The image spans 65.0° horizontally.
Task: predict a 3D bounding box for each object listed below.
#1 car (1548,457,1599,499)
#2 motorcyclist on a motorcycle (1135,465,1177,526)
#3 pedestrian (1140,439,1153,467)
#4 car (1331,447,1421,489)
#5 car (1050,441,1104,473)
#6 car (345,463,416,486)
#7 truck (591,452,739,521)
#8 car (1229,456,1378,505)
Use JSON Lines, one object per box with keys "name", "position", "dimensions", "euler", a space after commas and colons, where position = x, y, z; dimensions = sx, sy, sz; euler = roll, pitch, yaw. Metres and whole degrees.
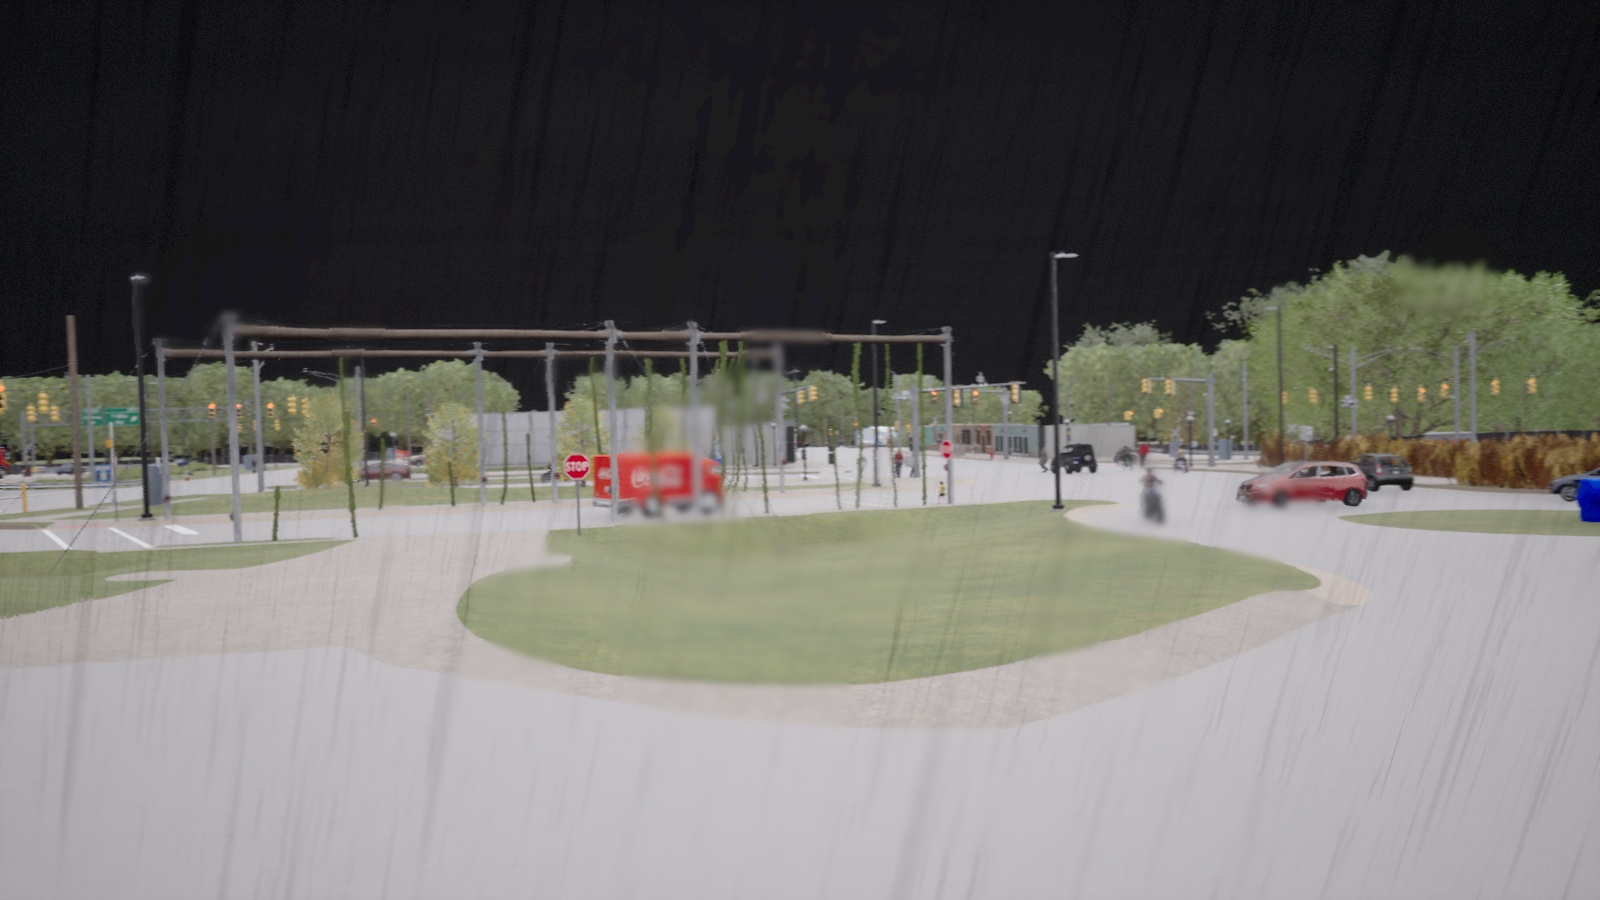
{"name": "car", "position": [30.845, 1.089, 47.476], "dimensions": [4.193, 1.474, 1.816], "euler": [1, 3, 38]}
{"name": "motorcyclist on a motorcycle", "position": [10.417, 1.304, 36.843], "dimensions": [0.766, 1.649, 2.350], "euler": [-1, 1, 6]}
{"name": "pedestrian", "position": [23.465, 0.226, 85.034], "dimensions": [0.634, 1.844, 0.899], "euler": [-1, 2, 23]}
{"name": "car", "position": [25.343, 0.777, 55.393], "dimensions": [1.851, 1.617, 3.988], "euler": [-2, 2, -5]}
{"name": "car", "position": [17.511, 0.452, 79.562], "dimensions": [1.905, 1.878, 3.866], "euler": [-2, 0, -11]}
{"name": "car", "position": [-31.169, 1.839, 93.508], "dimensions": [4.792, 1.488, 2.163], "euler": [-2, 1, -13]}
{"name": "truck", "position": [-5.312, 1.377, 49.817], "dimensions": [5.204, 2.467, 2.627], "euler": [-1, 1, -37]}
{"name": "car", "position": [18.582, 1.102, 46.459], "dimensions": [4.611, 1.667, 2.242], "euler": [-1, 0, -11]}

#####

**EXERCISE REQUIREMENTS**. Reproduce verbatim only the segment of the listing bounded by the line containing "#2 motorcyclist on" and the line containing "#8 car (1229,456,1378,505)", with both boundary lines included.

**ANSWER TO THIS EXERCISE**.
#2 motorcyclist on a motorcycle (1135,465,1177,526)
#3 pedestrian (1140,439,1153,467)
#4 car (1331,447,1421,489)
#5 car (1050,441,1104,473)
#6 car (345,463,416,486)
#7 truck (591,452,739,521)
#8 car (1229,456,1378,505)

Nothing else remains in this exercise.